**Exercise description**
Print each record that follows exactly, leaving the pictures behind.

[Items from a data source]
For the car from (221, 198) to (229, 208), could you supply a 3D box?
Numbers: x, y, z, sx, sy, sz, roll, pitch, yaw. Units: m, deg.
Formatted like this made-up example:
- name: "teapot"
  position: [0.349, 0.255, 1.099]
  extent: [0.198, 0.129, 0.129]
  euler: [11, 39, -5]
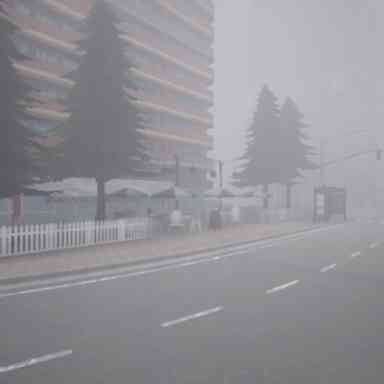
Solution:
- name: "car"
  position: [3.995, 1.952, 55.542]
  extent: [4.902, 1.511, 2.128]
  euler: [0, -1, 40]

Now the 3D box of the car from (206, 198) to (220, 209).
- name: "car"
  position: [1.739, 1.938, 52.867]
  extent: [4.892, 1.490, 1.837]
  euler: [0, -1, 40]
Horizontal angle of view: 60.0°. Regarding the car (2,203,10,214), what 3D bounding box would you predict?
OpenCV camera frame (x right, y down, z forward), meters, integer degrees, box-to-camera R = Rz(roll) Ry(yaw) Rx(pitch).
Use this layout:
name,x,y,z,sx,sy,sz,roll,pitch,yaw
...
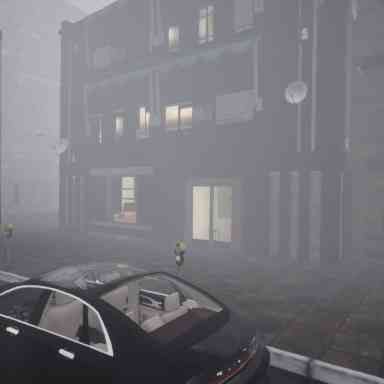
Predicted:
name,x,y,z,sx,sy,sz,roll,pitch,yaw
car,-21.544,1.623,34.882,2.008,1.369,4.403,1,0,36

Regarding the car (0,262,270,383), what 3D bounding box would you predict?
name,x,y,z,sx,sy,sz,roll,pitch,yaw
car,-1.300,1.550,3.939,4.403,1.369,2.008,0,1,35

**Exercise output**
For the car from (221, 198) to (229, 208), could you supply a 3D box?
Numbers: x, y, z, sx, sy, sz, roll, pitch, yaw. Units: m, deg.
Formatted like this made-up example:
- name: "teapot"
  position: [0.349, 0.255, 1.099]
  extent: [0.198, 0.129, 0.129]
  euler: [11, 39, -5]
Solution:
- name: "car"
  position: [3.995, 1.952, 55.542]
  extent: [4.902, 1.511, 2.128]
  euler: [0, -1, 40]

Now the 3D box of the car from (206, 198) to (220, 209).
- name: "car"
  position: [1.739, 1.938, 52.867]
  extent: [4.892, 1.490, 1.837]
  euler: [0, -1, 40]
Horizontal angle of view: 60.0°. Regarding the car (2,203,10,214), what 3D bounding box would you predict?
OpenCV camera frame (x right, y down, z forward), meters, integer degrees, box-to-camera R = Rz(roll) Ry(yaw) Rx(pitch).
Use this layout:
name,x,y,z,sx,sy,sz,roll,pitch,yaw
...
Predicted:
name,x,y,z,sx,sy,sz,roll,pitch,yaw
car,-21.544,1.623,34.882,2.008,1.369,4.403,1,0,36

Regarding the car (0,262,270,383), what 3D bounding box would you predict?
name,x,y,z,sx,sy,sz,roll,pitch,yaw
car,-1.300,1.550,3.939,4.403,1.369,2.008,0,1,35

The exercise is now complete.